一般的に知られている杠の経歴はほんの十年前までほぼ無名の存在だった。それが変わったのは世界各国による自国第一主義の蔓延とその後に発生した世界同時多発サイバーテロと世界恐慌が起きた後からであった。
一回生議員なのにいきなり司法長官に抜擢され、死刑制度の廃止と全身拘束刑の導入など行刑政策の刷新を行い、そのあとは国土安全省副長官などを歴任していたが、国民に直接説明する立場でなかったので、あまり認知度が高くなかった。そんな杠が世間の予想を覆して首相になった時のマスコミの拒絶反応は激しいモノであった。でもマスコミはその理由を開示することはなかった。

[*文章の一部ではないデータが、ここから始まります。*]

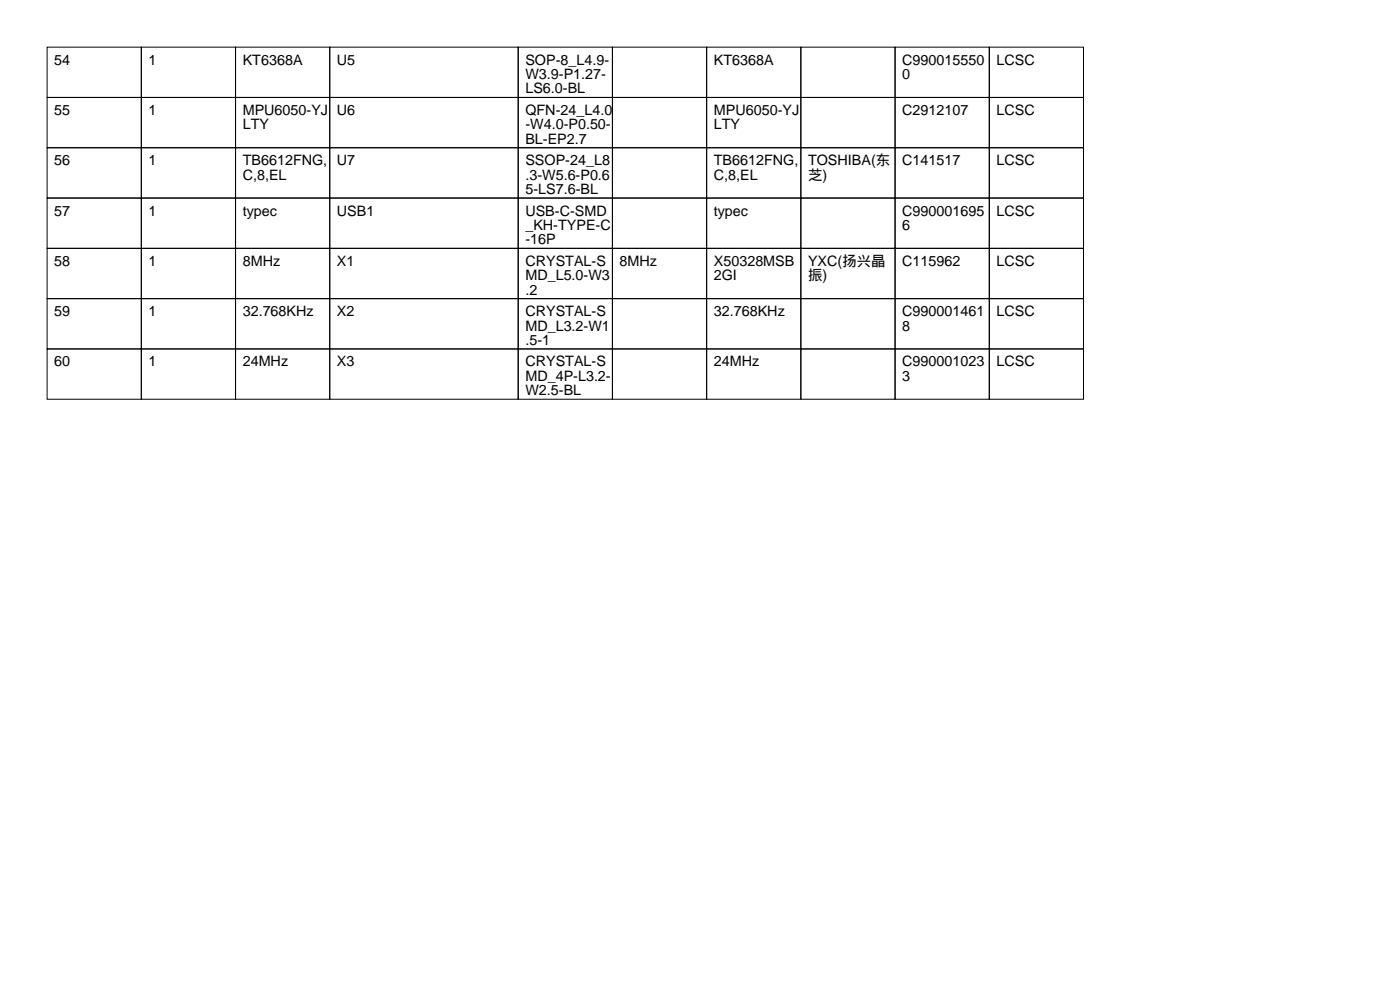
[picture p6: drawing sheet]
<svg xmlns="http://www.w3.org/2000/svg" width="297mm" height="210mm" viewBox="0 0 297 210" stroke-linecap="round" stroke-linejoin="round" font-family="sans-serif">
<defs><g id="words">
<g font-size="3">
<text x="11.5" y="13.7">54</text>
<text x="31.5" y="13.7">1</text>
<text x="51.5" y="13.7">KT6368A</text>
<text x="71.5" y="13.7">U5</text>
<text x="111.5" y="13.7">SOP-8_L4.9-</text>
<text x="111.5" y="16.8">W3.9-P1.27-</text>
<text x="151.5" y="13.7">KT6368A</text>
<text x="191.5" y="13.7">C990015550</text>
<text x="191.5" y="16.8">0</text>
<text x="211.5" y="13.7">LCSC</text>
<text x="111.5" y="19.8">LS6.0-BL</text>
<text x="11.5" y="24.4">55</text>
<text x="31.5" y="24.4">1</text>
<text x="51.5" y="24.4">MPU6050-YJ</text>
<text x="51.5" y="27.4">LTY</text>
<text x="71.5" y="24.4">U6</text>
<text x="111.5" y="24.4">QFN-24_L4.0</text>
<text x="111.5" y="27.4">-W4.0-P0.50-</text>
<text x="151.5" y="24.4">MPU6050-YJ</text>
<text x="151.5" y="27.4">LTY</text>
<text x="191.5" y="24.4">C2912107</text>
<text x="211.5" y="24.4">LCSC</text>
<text x="11.5" y="35.1">56</text>
<text x="31.5" y="35.1">1</text>
<text x="51.5" y="35.1">TB6612FNG,</text>
<text x="71.5" y="35.1">U7</text>
<text x="111.5" y="30.5">BL-EP2.7</text>
<text x="111.5" y="35.1">SSOP-24_L8</text>
<text x="151.5" y="35.1">TB6612FNG,</text>
<text x="171.5" y="35.1">TOSHIBA(东</text>
<text x="191.5" y="35.1">C141517</text>
<text x="211.5" y="35.1">LCSC</text>
<text x="51.5" y="38.1">C,8,EL</text>
<text x="111.5" y="38.1">.3-W5.6-P0.6</text>
<text x="111.5" y="41.2">5-LS7.6-BL</text>
<text x="151.5" y="38.1">C,8,EL</text>
<text x="171.5" y="38.1">芝)</text>
<text x="11.5" y="45.7">57</text>
<text x="31.5" y="45.7">1</text>
<text x="51.5" y="45.7">typec</text>
<text x="71.5" y="45.7">USB1</text>
<text x="111.5" y="45.7">USB-C-SMD</text>
<text x="151.5" y="45.7">typec</text>
<text x="191.5" y="45.7">C990001695</text>
<text x="211.5" y="45.7">LCSC</text>
<text x="111.5" y="48.8">_KH-TYPE-C</text>
<text x="111.5" y="51.8">-16P</text>
<text x="191.5" y="48.8">6</text>
<text x="11.5" y="56.4">58</text>
<text x="31.5" y="56.4">1</text>
<text x="51.5" y="56.4">8MHz</text>
<text x="71.5" y="56.4">X1</text>
<text x="111.5" y="56.4">CRYSTAL-S</text>
<text x="111.5" y="59.4">MD_L5.0-W3</text>
<text x="131.5" y="56.4">8MHz</text>
<text x="151.5" y="56.4">X50328MSB</text>
<text x="151.5" y="59.4">2GI</text>
<text x="171.5" y="56.4">YXC(扬兴晶</text>
<text x="171.5" y="59.4">振)</text>
<text x="191.5" y="56.4">C115962</text>
<text x="211.5" y="56.4">LCSC</text>
<text x="111.5" y="62.5">.2</text>
<text x="11.5" y="67.1">59</text>
<text x="31.5" y="67.1">1</text>
<text x="51.5" y="67.1">32.768KHz</text>
<text x="71.5" y="67.1">X2</text>
<text x="111.5" y="67.1">CRYSTAL-S</text>
<text x="111.5" y="70.1">MD_L3.2-W1</text>
<text x="151.5" y="67.1">32.768KHz</text>
<text x="191.5" y="67.1">C990001461</text>
<text x="191.5" y="70.1">8</text>
<text x="211.5" y="67.1">LCSC</text>
<text x="11.5" y="77.7">60</text>
<text x="31.5" y="77.7">1</text>
<text x="51.5" y="77.7">24MHz</text>
<text x="71.5" y="77.7">X3</text>
<text x="111.5" y="73.2">.5-1</text>
<text x="111.5" y="77.7">CRYSTAL-S</text>
<text x="151.5" y="77.7">24MHz</text>
<text x="191.5" y="77.7">C990001023</text>
<text x="211.5" y="77.7">LCSC</text>
<text x="111.5" y="80.8">MD_4P-L3.2-</text>
<text x="111.5" y="83.8">W2.5-BL</text>
<text x="191.5" y="80.8">3</text>
</g>
</g></defs>
<g fill="none" stroke="#000" stroke-width=".21">
<path d="M10 10h20v10.7h-20zM30 10h20v10.7h-20zM50 10h20v10.7h-20zM70 10h40v10.7h-40zM110 10h20v10.7h-20zM130 10h20v10.7h-20zM150 10h20v10.7h-20zM170 10h20v10.7h-20zM190 10h20v10.7h-20zM210 10h20v10.7h-20zM10 20.7h20v10.6h-20zM10 31.3h20v10.7h-20z"/>
<path d="M30 20.7h20v10.6h-20zM30 31.3h20v10.7h-20zM50 20.7h20v10.6h-20zM50 31.3h20v10.7h-20zM70 20.7h40v10.6h-40zM70 31.3h40v10.7h-40zM110 20.7h20v10.6h-20zM110 31.3h20v10.7h-20zM130 20.7h20v10.6h-20zM130 31.3h20v10.7h-20zM150 20.7h20v10.6h-20zM150 31.3h20v10.7h-20z"/>
<path d="M170 20.7h20v10.6h-20zM170 31.3h20v10.7h-20zM190 20.7h20v10.6h-20zM190 31.3h20v10.7h-20zM210 20.7h20v10.6h-20zM210 31.3h20v10.7h-20zM10 42h20v10.7h-20zM10 52.7h20v10.6h-20zM30 42h20v10.7h-20zM30 52.7h20v10.6h-20zM50 42h20v10.7h-20zM50 52.7h20v10.6h-20z"/>
<path d="M70 42h40v10.7h-40zM70 52.7h40v10.6h-40zM110 42h20v10.7h-20zM110 52.7h20v10.6h-20zM130 42h20v10.7h-20zM130 52.7h20v10.6h-20zM150 42h20v10.7h-20zM150 52.7h20v10.6h-20zM170 42h20v10.7h-20zM170 52.7h20v10.6h-20zM190 42h20v10.7h-20zM190 52.7h20v10.6h-20z"/>
<path d="M210 42h20v10.7h-20zM210 52.7h20v10.6h-20zM10 63.3h20v10.7h-20zM10 74h20v10.7h-20zM30 63.3h20v10.7h-20zM30 74h20v10.7h-20zM50 63.3h20v10.7h-20zM50 74h20v10.7h-20zM70 63.3h40v10.7h-40zM70 74h40v10.7h-40zM110 63.3h20v10.7h-20zM110 74h20v10.7h-20z"/>
<path d="M130 63.3h20v10.7h-20zM130 74h20v10.7h-20zM150 63.3h20v10.7h-20zM150 74h20v10.7h-20zM170 63.3h20v10.7h-20zM170 74h20v10.7h-20zM190 63.3h20v10.7h-20zM190 74h20v10.7h-20zM210 63.3h20v10.7h-20zM210 74h20v10.7h-20z"/>
</g>
<use href="#words"/>
</svg>

そんな杠と安養寺親子の会食は進んでいったが、杠は特に何かを話すことはなく、何故ここにいるのか理由がわからなかった。会食も進んでいって最後のデザートがテーブルに運ばれてきた時、彼の口から真由美が知りたい情報がこぼれた。
「真由美さん」
「はい?」
いきなり杠から声掛けされ、思わず真由美は持っていたスプーンを皿に落としてしまった。
「あなたのお父様に頼まれた、山村愛莉さんの事ですが、消息がつかめました」
愛莉、という固有名詞を聞いて真由美は杠の方に身を乗り出していた。
「お姉ちゃん? いや山村さんの事をご存じなのですか?」
そう聞くと、杠は周囲にいた警護の警官ロボに外に出ていくように指示した。そして部屋に人間だけになったところで切り出した。
「君の親愛なる愛莉さんだが、全身拘束刑に処されているそうだ。今は機械の身体になっているんだ、無実の罪で」
その言葉を聞いた真由美は混乱していた。それってどういう意味なのよ!
「そうなんですか? それは大変でしたね」
真由美は言葉を綴れなかった。なんて答えたらいいのか分からなかったが。すると父が助け船を出した。
「杠! 今日はうちの娘の入学祝いに飛び入り参加してくれたんだろ? あんまり深刻な話をしないでくれ! 初対面なのにさ! 場を考えない話をしないでくれ!」
「すまなかったな真由美さん。あんまり気を悪くしたのならごめんな」
「い、いえ。大丈夫ですわ」
あんまり愉快な話題になりそうもないと思っていたが、首相からこうやって謝罪されるのも変な気分になった。それにしても首相なのに腰が低い人物なんだなあと真由美は感じた。もっとも、それは父の前だけであったのを知ることになったが。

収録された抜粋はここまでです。